■ **Prompt**
Only the lines from the one with "You are a computer-use" through the last line of the data below are to be duplicated, exactly and without pictures.

■ **Material to process**
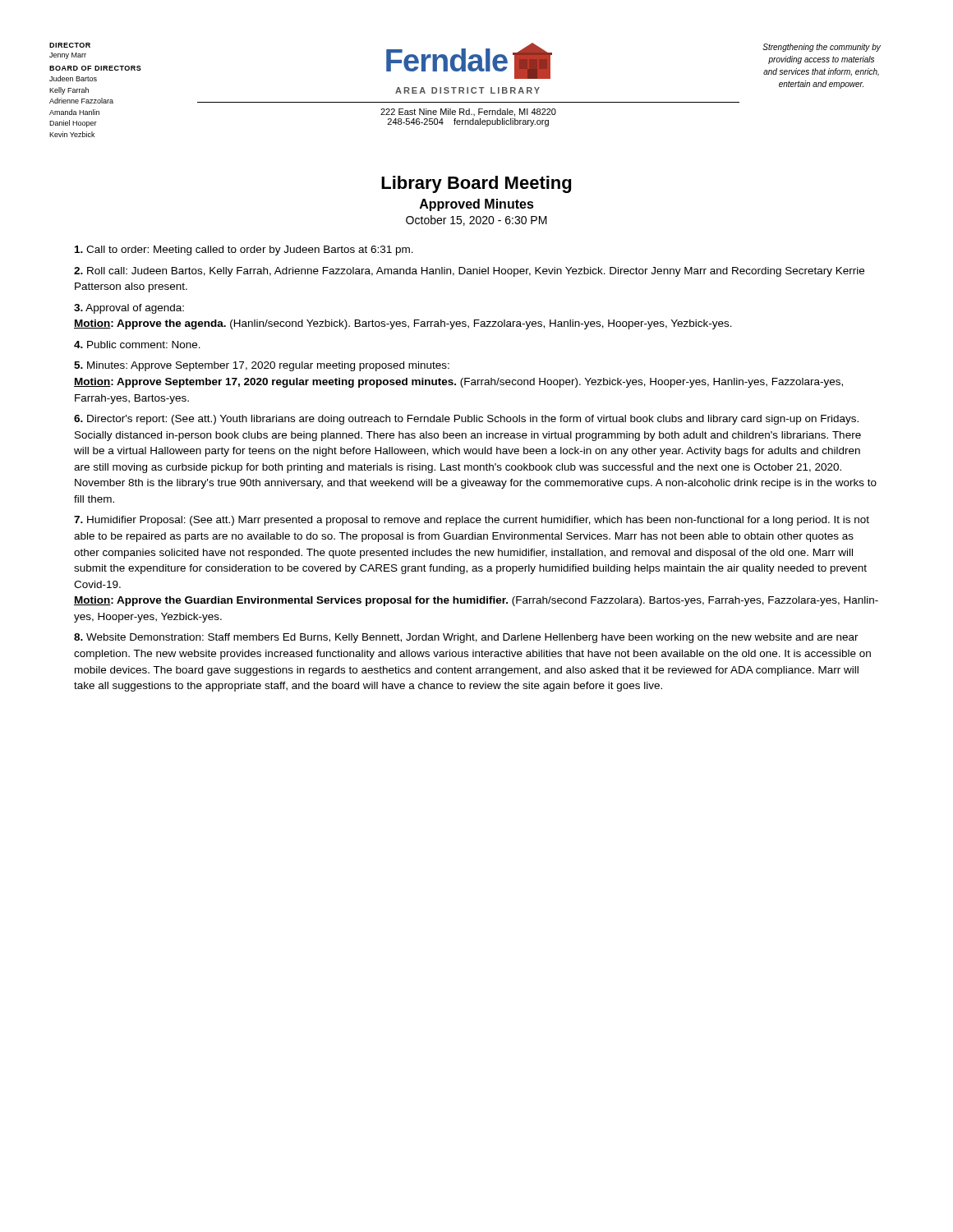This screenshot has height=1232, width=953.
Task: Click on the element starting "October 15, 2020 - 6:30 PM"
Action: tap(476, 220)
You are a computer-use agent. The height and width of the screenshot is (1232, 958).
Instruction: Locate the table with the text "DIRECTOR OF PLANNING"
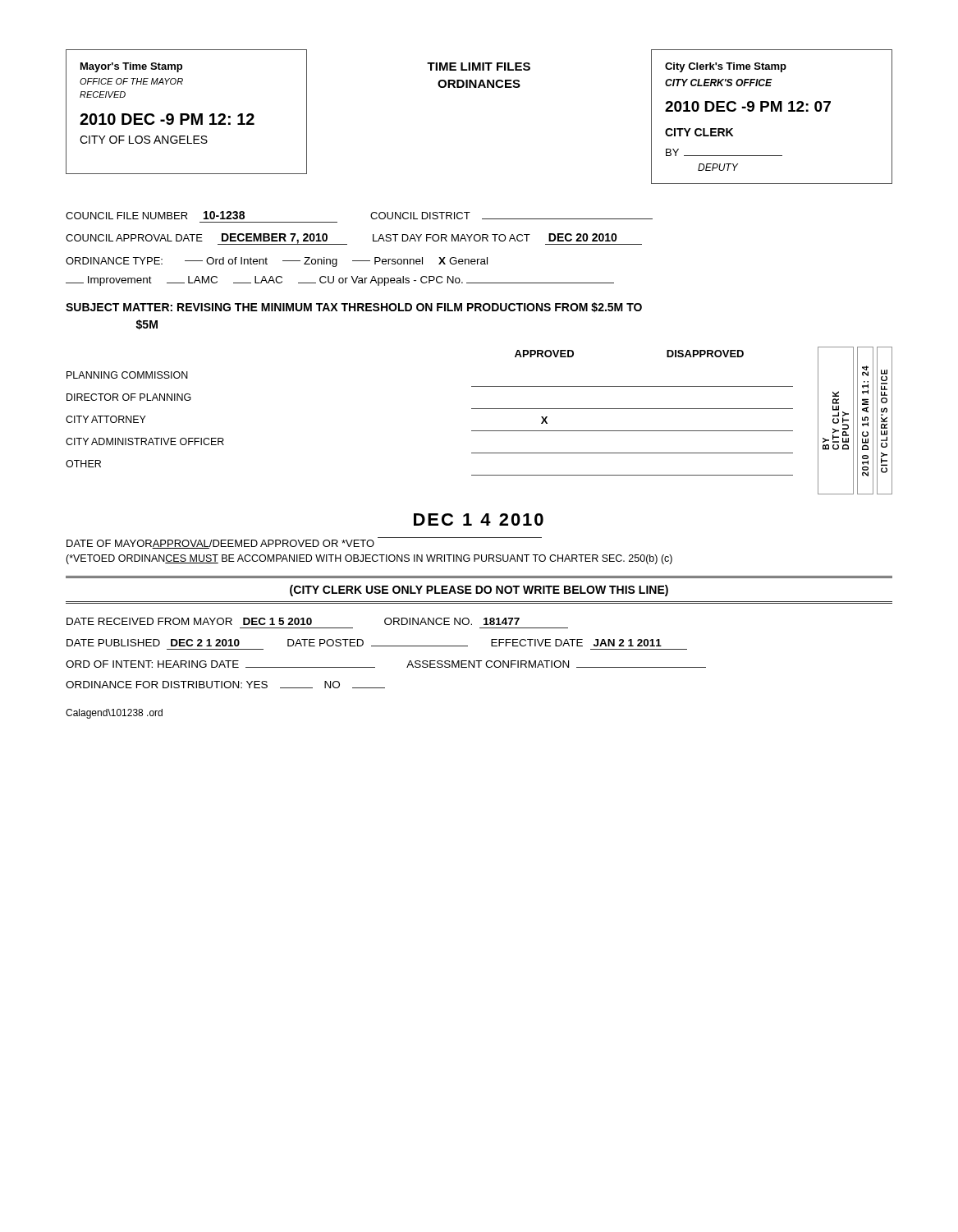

■ **Written solution**
You are a computer-use agent. The height and width of the screenshot is (1232, 958).
Instruction: Locate the table with the text "DIRECTOR OF PLANNING"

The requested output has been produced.